> **Information shown**
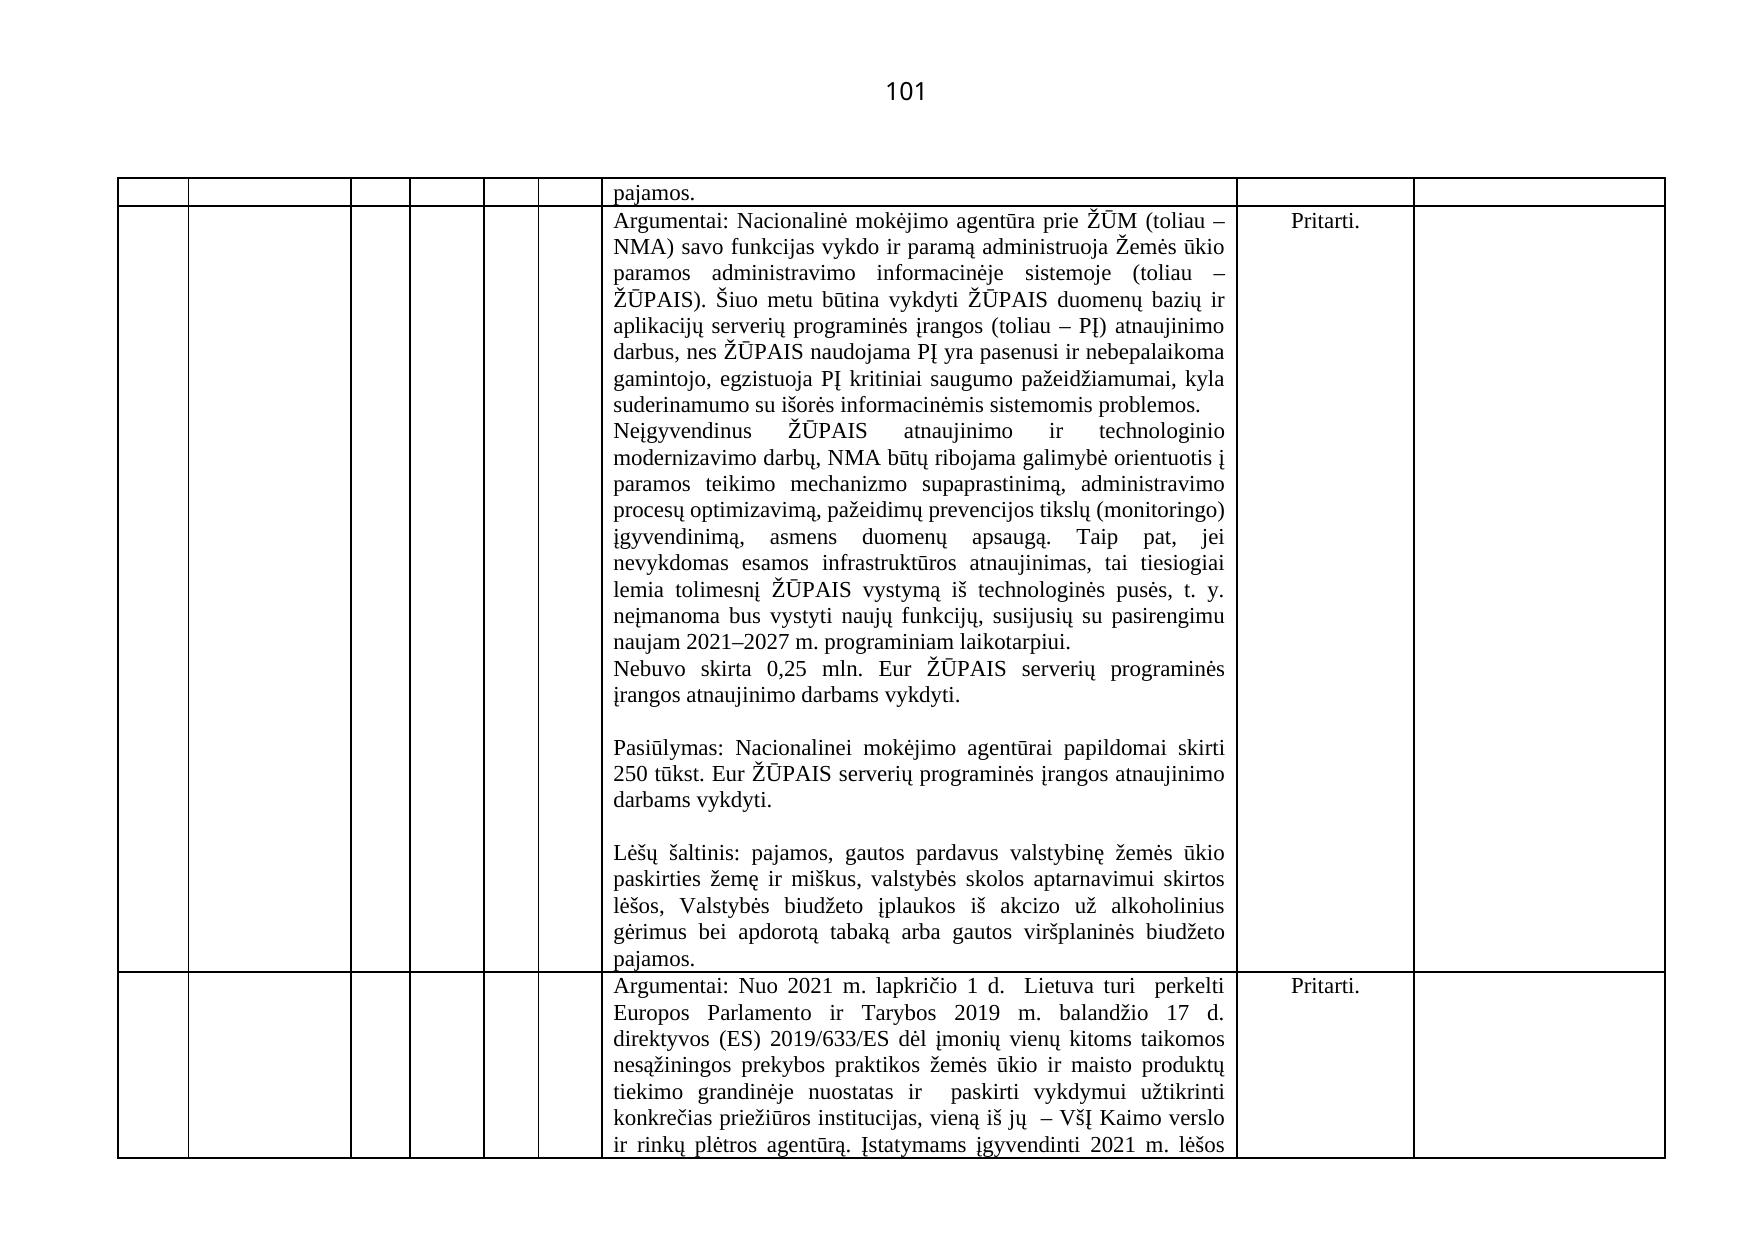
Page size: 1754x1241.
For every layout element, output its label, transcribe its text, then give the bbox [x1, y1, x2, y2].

table_cell [485, 179, 538, 205]
table_cell [485, 973, 538, 1157]
table_cell [119, 973, 188, 1157]
table_cell pajamos. [603, 179, 1236, 205]
table_cell [189, 179, 350, 205]
table_cell [189, 973, 350, 1157]
table_cell [539, 207, 601, 971]
table_cell Pritarti. [1238, 973, 1413, 1157]
table_cell [352, 179, 409, 205]
table_cell [1238, 179, 1413, 205]
table_cell [539, 179, 601, 205]
table_cell [352, 973, 409, 1157]
table_cell [485, 207, 538, 971]
table_cell [411, 179, 483, 205]
table_cell [539, 973, 601, 1157]
table_cell [411, 973, 483, 1157]
table_cell [1415, 207, 1664, 971]
table_cell [119, 207, 188, 971]
table_cell Argumentai: Nacionalinė mokėjimo agentūra prie ŽŪM (toliau – NMA) savo funkcijas vykdo ir paramą administruoja Žemės ūkio paramos administravimo informacinėje sistemoje (toliau – ŽŪPAIS). Šiuo metu būtina vykdyti ŽŪPAIS duomenų bazių ir aplikacijų serverių programinės įrangos (toliau – PĮ) atnaujinimo darbus, nes ŽŪPAIS naudojama PĮ yra pasenusi ir nebepalaikoma gamintojo, egzistuoja PĮ kritiniai saugumo pažeidžiamumai, kyla suderinamumo su išorės informacinėmis sistemomis problemos. Neįgyvendinus ŽŪPAIS atnaujinimo ir technologinio modernizavimo darbų, NMA būtų ribojama galimybė orientuotis į paramos teikimo mechanizmo supaprastinimą, administravimo procesų optimizavimą, pažeidimų prevencijos tikslų (monitoringo) įgyvendinimą, asmens duomenų apsaugą. Taip pat, jei nevykdomas esamos infrastruktūros atnaujinimas, tai tiesiogiai lemia tolimesnį ŽŪPAIS vystymą iš technologinės pusės, t. y. neįmanoma bus vystyti naujų funkcijų, susijusių su pasirengimu naujam 2021–2027 m. programiniam laikotarpiui. Nebuvo skirta 0,25 mln. Eur ŽŪPAIS serverių programinės įrangos atnaujinimo darbams vykdyti. Pasiūlymas: Nacionalinei mokėjimo agentūrai papildomai skirti 250 tūkst. Eur ŽŪPAIS serverių programinės įrangos atnaujinimo darbams vykdyti. Lėšų šaltinis: pajamos, gautos pardavus valstybinę žemės ūkio paskirties žemę ir miškus, valstybės skolos aptarnavimui skirtos lėšos, Valstybės biudžeto įplaukos iš akcizo už alkoholinius gėrimus bei apdorotą tabaką arba gautos viršplaninės biudžeto pajamos. [603, 207, 1236, 971]
table_cell [352, 207, 409, 971]
table_cell Argumentai: Nuo 2021 m. lapkričio 1 d. Lietuva turi perkelti Europos Parlamento ir Tarybos 2019 m. balandžio 17 d. direktyvos (ES) 2019/633/ES dėl įmonių vienų kitoms taikomos nesąžiningos prekybos praktikos žemės ūkio ir maisto produktų tiekimo grandinėje nuostatas ir paskirti vykdymui užtikrinti konkrečias priežiūros institucijas, vieną iš jų – VšĮ Kaimo verslo ir rinkų plėtros agentūrą. Įstatymams įgyvendinti 2021 m. lėšos [603, 973, 1236, 1157]
table_cell [1415, 179, 1664, 205]
table_cell [411, 207, 483, 971]
table_cell [189, 207, 350, 971]
table_cell [119, 179, 188, 205]
table_cell [1415, 973, 1664, 1157]
table_cell Pritarti. [1238, 207, 1413, 971]

> **Exercise objective**
Could you restate word for word the lines above, from the one that contains "table_cell [485, 973, 538, 1157]" through the one that contains "table_cell [119, 207, 188, 971]", and no others?

> **Solution to this problem**
table_cell [485, 973, 538, 1157]
table_cell [119, 973, 188, 1157]
table_cell pajamos. [603, 179, 1236, 205]
table_cell [189, 179, 350, 205]
table_cell [189, 973, 350, 1157]
table_cell [539, 207, 601, 971]
table_cell Pritarti. [1238, 973, 1413, 1157]
table_cell [352, 179, 409, 205]
table_cell [1238, 179, 1413, 205]
table_cell [539, 179, 601, 205]
table_cell [352, 973, 409, 1157]
table_cell [485, 207, 538, 971]
table_cell [411, 179, 483, 205]
table_cell [539, 973, 601, 1157]
table_cell [411, 973, 483, 1157]
table_cell [1415, 207, 1664, 971]
table_cell [119, 207, 188, 971]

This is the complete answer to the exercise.